[DATA SHOWN Boundary: Start]
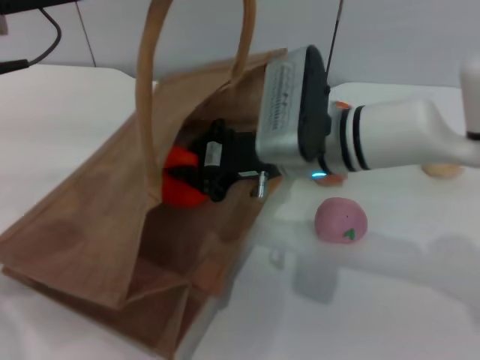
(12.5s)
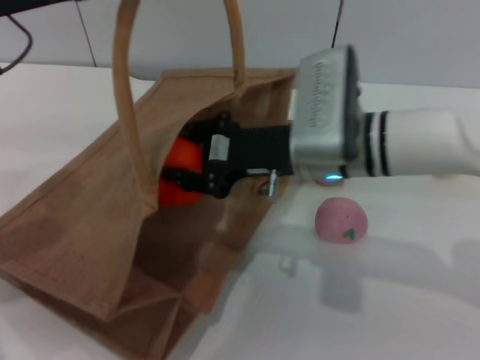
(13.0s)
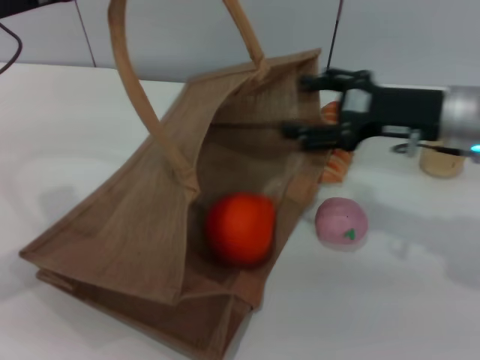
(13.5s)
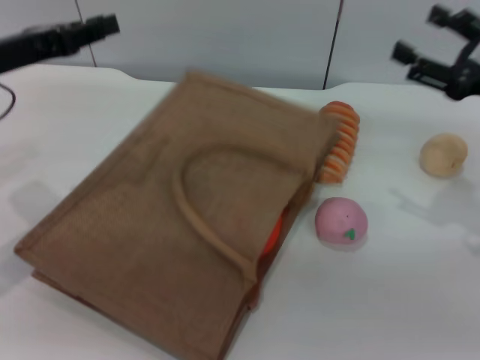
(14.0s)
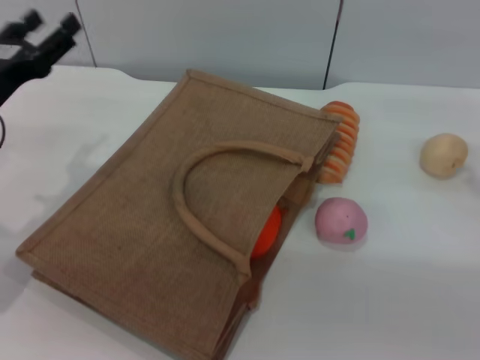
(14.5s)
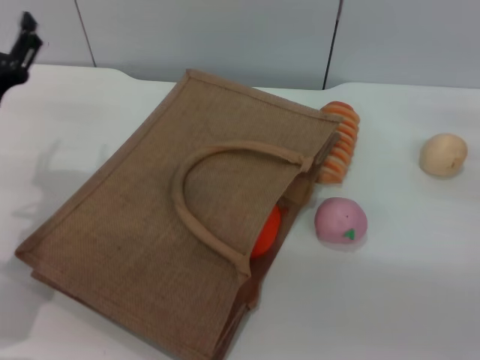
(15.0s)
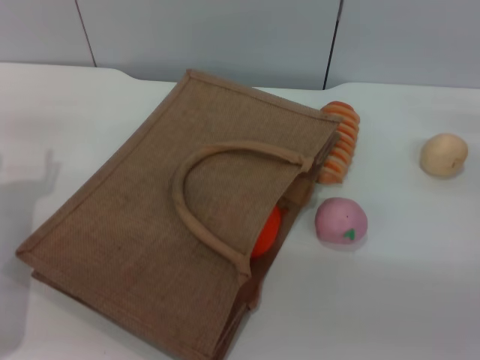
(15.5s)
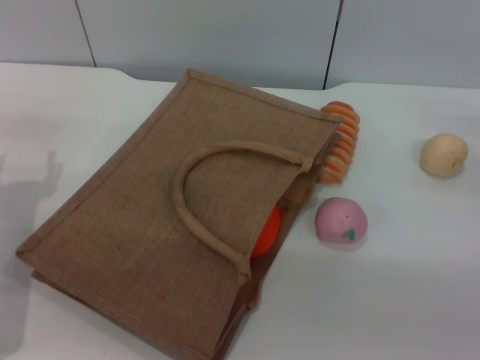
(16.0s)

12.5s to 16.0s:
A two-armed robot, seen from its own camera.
[DATA SHOWN Boundary: End]
* _TASK TO CARRY OUT_
Starting with the first entry and ending with the last, reproduce the listing exactly, without its pictures.

* _ANSWER SECTION_
(12.5s)
(13.0s)
(13.5s)
(14.0s)
(14.5s)
(15.0s)
(15.5s)
(16.0s)

12.5s to 16.0s:
A two-armed robot, seen from its own camera.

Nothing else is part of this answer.